Customer service is collapsing in high-tax Britain
Trying on a pair of jeans at the clothes shop? Good luck finding someone to help you.
One by one, companies are cutting back on opening hours, reducing checkout staff and cutting in-store services. Many are closing branches completely.
Following the huge rise in employment taxes imposed by the Government, bosses don't have much choice. Companies have to save money on staff somehow. But with every cut they make, the experience gets a little worse.
In Labour's high-tax Britain, customer service is dying – and we will all end up poorer as a result.
It has been a worrying few weeks for anyone who cares about the quality of customer service. Self-checkouts are becoming more ubiquitous, opening hours are getting shorter and manpower is being cut back.

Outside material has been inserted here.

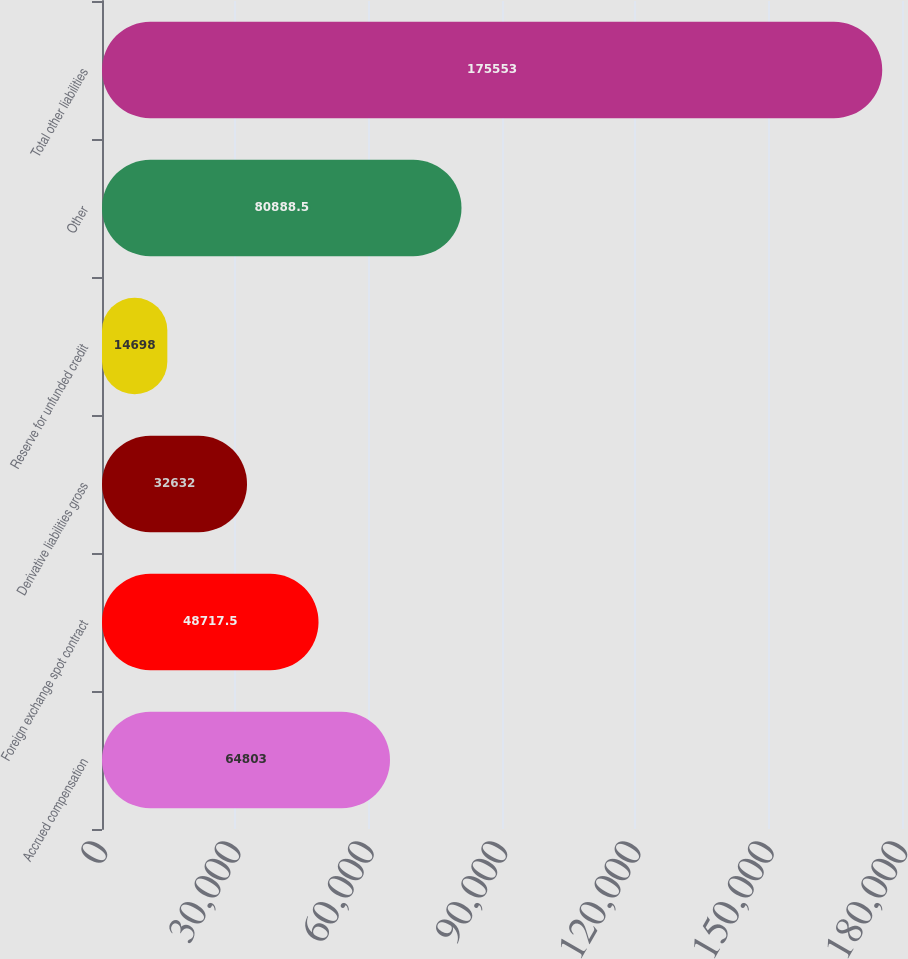Convert chart to OTSL. <chart><loc_0><loc_0><loc_500><loc_500><bar_chart><fcel>Accrued compensation<fcel>Foreign exchange spot contract<fcel>Derivative liabilities gross<fcel>Reserve for unfunded credit<fcel>Other<fcel>Total other liabilities<nl><fcel>64803<fcel>48717.5<fcel>32632<fcel>14698<fcel>80888.5<fcel>175553<nl></chart>

Over the weekend, we learnt that Tesco is trialling the closure of some of its Express stores at 10pm rather than 11pm, and will have fewer staff on hand for the hours that they remain open.
It is not hard to guess why: after Rachel Reeves's recent increase to employers' National Insurance, the company has said it will have to pay an extra £235m in contributions.
That is just the latest example of a broader trend.
The self-service checkout is proliferating even though it has become very unpopular with shoppers, and not just in the supermarkets. Next revealed earlier this year that it is to start trialling automated checkouts as it looks to find ways of coping with the extra £67m the chain estimates it will have to pay in employment taxes this year.
Others are slashing services. Morrisons said in March that it was closing down cafes in its stores, along with florists and specialist meat counters. Sainsbury's said that it would lose 3,000 jobs by closing down in-store cafes, bakeries and pizza counters.
The National Insurance increase was not directly blamed but both chains said they had to reduce costs.
There are even examples of pubs closing at 9pm so they can cut back on the staff hours, and therefore lower their tax bill. Add it all up, and one point is clear: the customer is no longer the number-one priority – bosses are more obsessed with managing costs.
There is no point in blaming the big chains for these decisions. After all, they are all commercial companies, and their primary duty is to their shareholders. If the Government is determined to tax them based on how many people they employ, instead of on their profits, then the only rational response is to skimp on staff as much as possible.
We may only be seeing the start of the process. Before long, there will be QR codes in place of waiters and waitresses at restaurants (after all, in fast food places it is already almost impossible to place an order with a human being any more).
Get ready for self-serving beer kegs at your local 'Spoons, while an app will check you into your hotel room, and the estate agent will just send you an AI-generated video link over actually showing you around the new home you were thinking of buying.
It won't be possible to interact with a human being any more.
Conventional economic statistics don't capture the impact of all this on our day-to-day lives.
If you spend £200 at the supermarket, that is an extra £200 added to the total GDP figure regardless of whether you had to struggle with a self-service checkout for 20 minutes or if you were whisked through the till by a smiling sales assistant who chatted to you and wished you a pleasant day as you left.
It may not make a difference to the economists but it makes a big difference to you.
Likewise, it doesn't make any difference to GDP if you have to rush out of the house or your office to get to Tesco Express at one minute to 10 because you don't have any food and it will close soon. But again, it makes a big difference to you.
A successful economy is not just about maximising raw output. It is about maximising total consumer satisfaction. As service levels collapse, GDP may stay the same, but we are all worse off in ways that the figures don't reveal.
More worryingly for the GDP statistics, companies can't innovate. The most successful businesses find new and original ways of delighting their customers.
It might be by staying open for different hours, or offering a broader range of services or products, or a more complete experience, or all sort of things that we have not thought of yet but which might prove very popular. The best ideas can then be taken out to the rest of the world.
And yet instead of encouraging companies to try out new ideas, we are forcing them to put all their energy into cutting staff. Over time, that will impact the competitiveness of the British economy.
The Chancellor may or may not raise the extra £25bn she is expecting from her increase in employers' National Insurance contributions. We will find out over the next few months as the tax starts to bite.
But the costs of the tax raid are becoming painfully clear. It will be measured in fewer jobs, lower wages, higher inflation and, perhaps worst of all, in a country characterised by poor service and declining innovation.
When you find the doors to Tesco Express closed at 10.01pm, at least you will know who to blame.